The two shootings have intensified fears of hostility toward the approximately 6,000 U.S. military personnel in this small but wealthy Persian Gulf nation, which is regarded as a vital launch pad for a possible attack against Iraq. Analysts said the incidents could pose challenges to the United States as it seeks to mobilize more troops and equipment here and elsewhere around Iraq, resulting in new security precautions and restrictions on the movement of U.S. troops.

“I think we will see more of these small-scale attacks,” a U.S. official said in Washington, adding that intelligence analysts believe they could begin in Qatar and Bahrain, other gulf states with U.S. troops. “They are cheap to do and are not complicated.”

U.S. officials said they were examining whether Wednesday’s incident was related to Tuesday’s. One U.S. official said American and Kuwaiti investigators also were examining whether the two men who launched Tuesday’s attack received coded messages from al-Qaida leaders.

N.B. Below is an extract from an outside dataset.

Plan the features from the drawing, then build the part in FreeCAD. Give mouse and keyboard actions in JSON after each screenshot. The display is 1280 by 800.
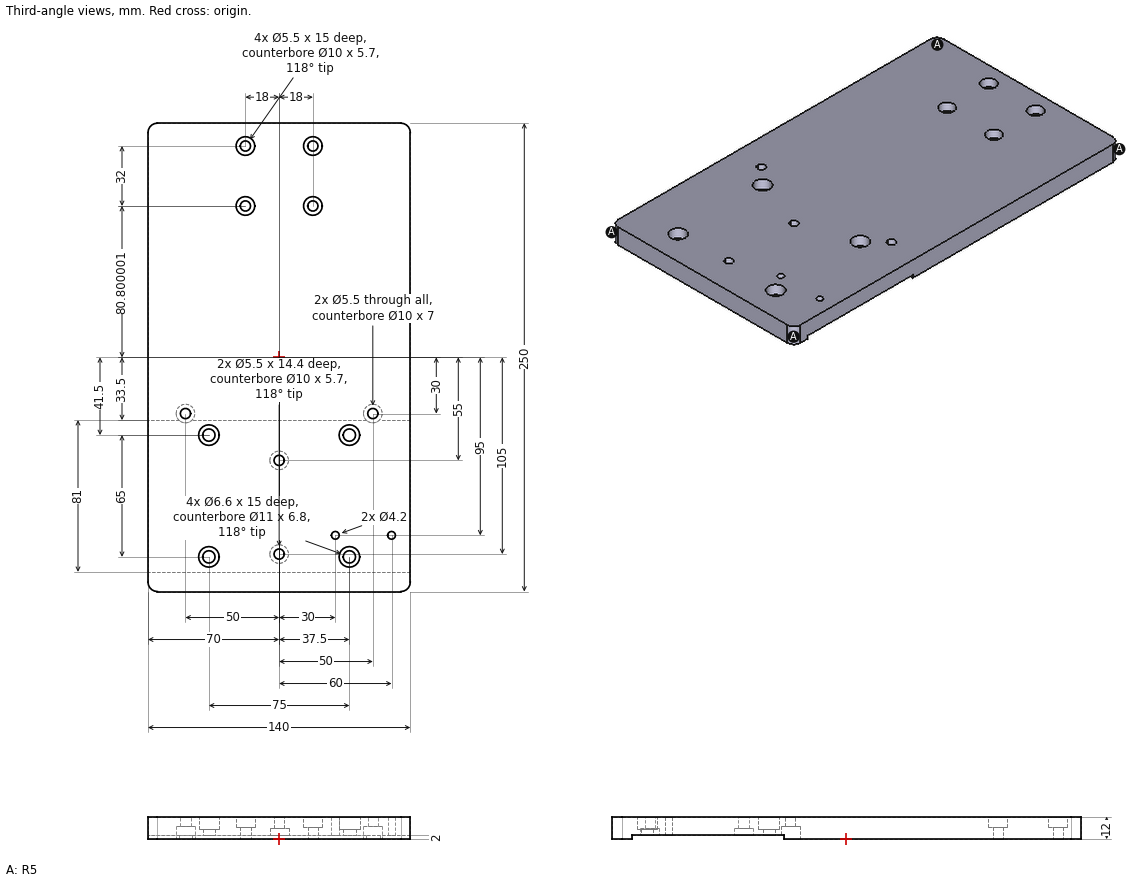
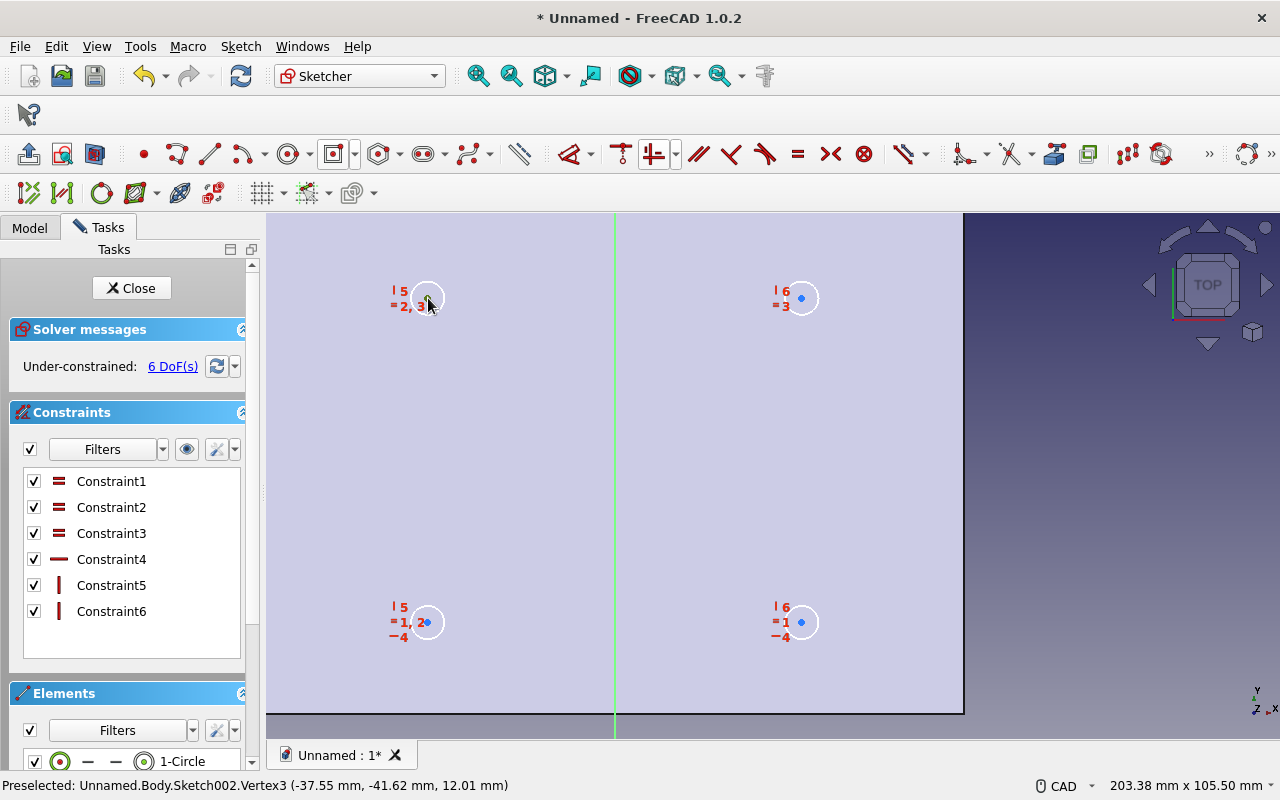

A senior Kuwaiti official said authorities arrested several people for questioning in connection with the shooting. Analysts here said most were Muslim fundamentalists known for expressing anti-Western views and other Kuwaitis believed to have visited training camps in Afghanistan.

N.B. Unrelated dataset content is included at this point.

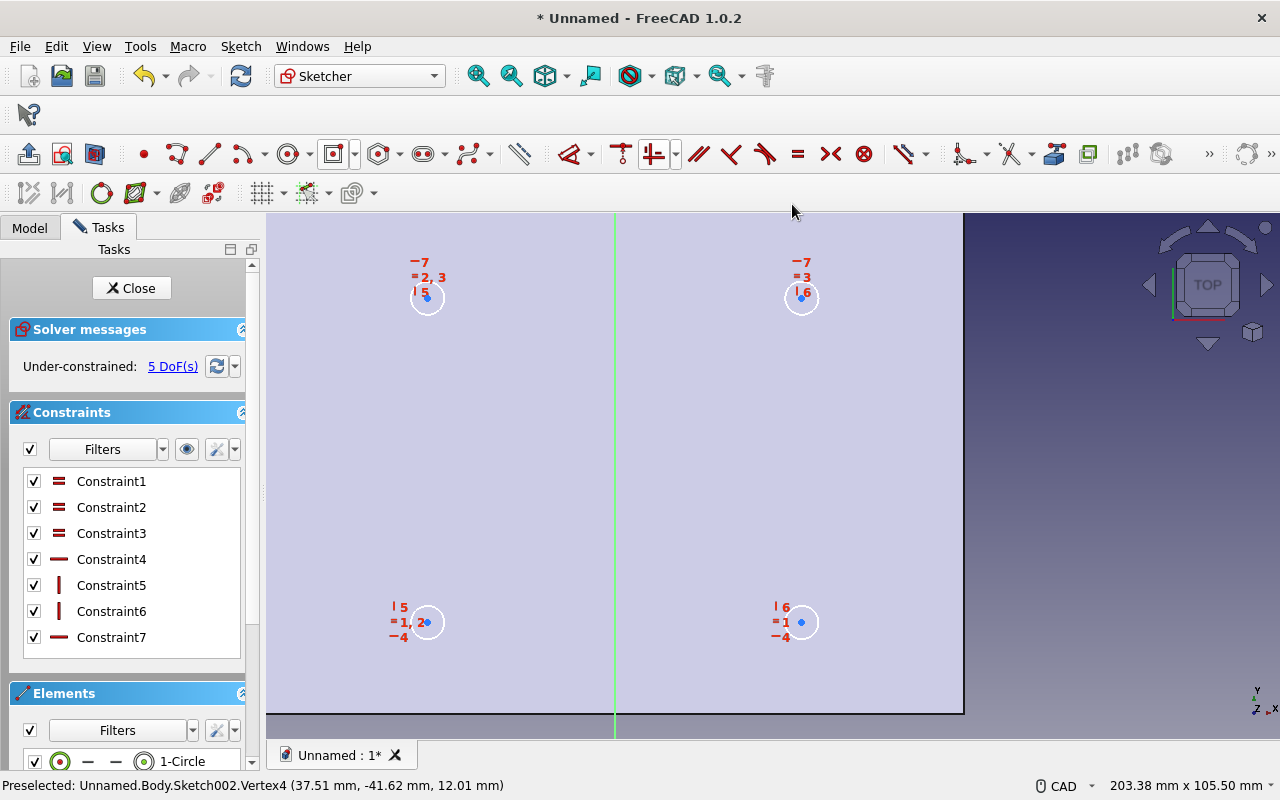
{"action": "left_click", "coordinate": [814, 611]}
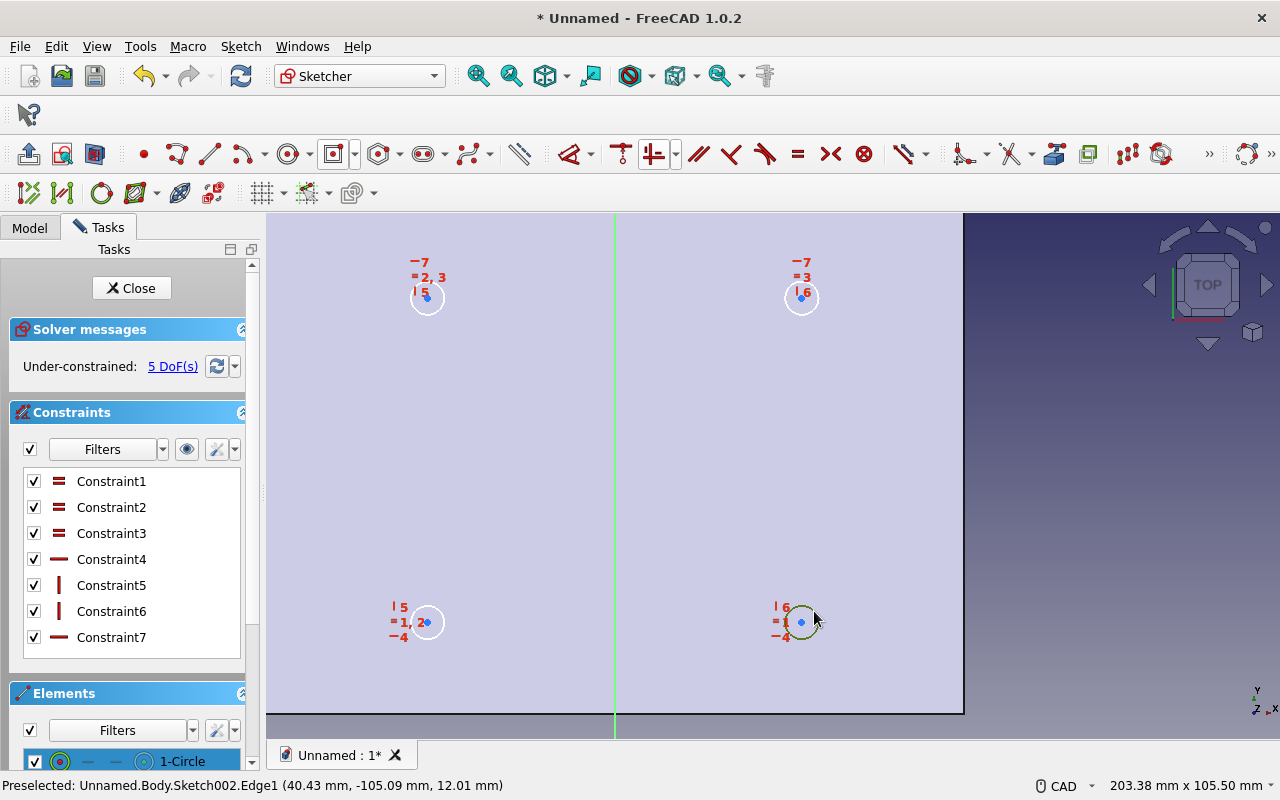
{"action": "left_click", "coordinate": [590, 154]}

“We have rounded up individuals who we think provided some assistance” to the gunmen, the Kuwaiti minister of state for foreign affairs, Mohammad Salem Sabah, said in an interview.

He called the attack an “isolated” incident, saying that an overwhelming majority of Kuwaiti people support the presence of U.S. troops in Kuwait. American soldiers have been here since 1991, when a military coalition led by the United States ended a seven-month Iraqi occupation.

But the shooting has raised fears that people with anti-U.S. sentiments similar to those of al-Qaida–and perhaps with connection to the organization itself–have decided to act even in one of the most pro-Western nations in the Arab world. The U.S. Embassy here issued a notice to American citizens Wednesday urging them to “remain vigilant with regard to their personal security and to exercise caution.”

Sager said people with anti-American views remain a small minority in Kuwait, “but they do exist here.”

“These are people who are against the United States not because American soldiers are here–people realize the Americans are here for our protection–but they are frustrated with the United States because of its support for Israel,” he said.

Several Kuwaitis have been tied to the al-Qaida founder, Osama bin Laden, including the network’s spokesman, Sulaiman Abu Ghaith, who was stripped of his Kuwaiti citizenship in October 2001. A Kuwait-born operative, Khalid Sheik Mohammed, is suspected of helping plan the Sept. 11 attacks in New York and Washington.

The two gunmen who fired at Marines Tuesday, identified by Kuwaiti authorities as Anas al-Kandari, 21, and Jassem al-Hajiri, 26, drove up to a group of Marines taking a break during a training exercise. The attackers, who were cousins, jumped out of their white pickup truck and opened fire with AK-47 assault rifles, hitting two of the Marines, before driving up to a second group of Marines. The men once again opened fire but those Marines shot back, killing the assailants.

The Pentagon identified the slain Marine as Lance Cpl. Antonio J. Sledd, 20, of Hillsborough, Fla. The wounded Marine, who was not identified, was shot in the arm and is being treated at a military hospital in Kuwait. He will be flown to a military medical facility in Germany over the next few days, said Lt. Garrett Kasper, a spokesman for the U.S. Navy’s Fifth Fleet in Bahrain, another gulf nation 300 miles south of here.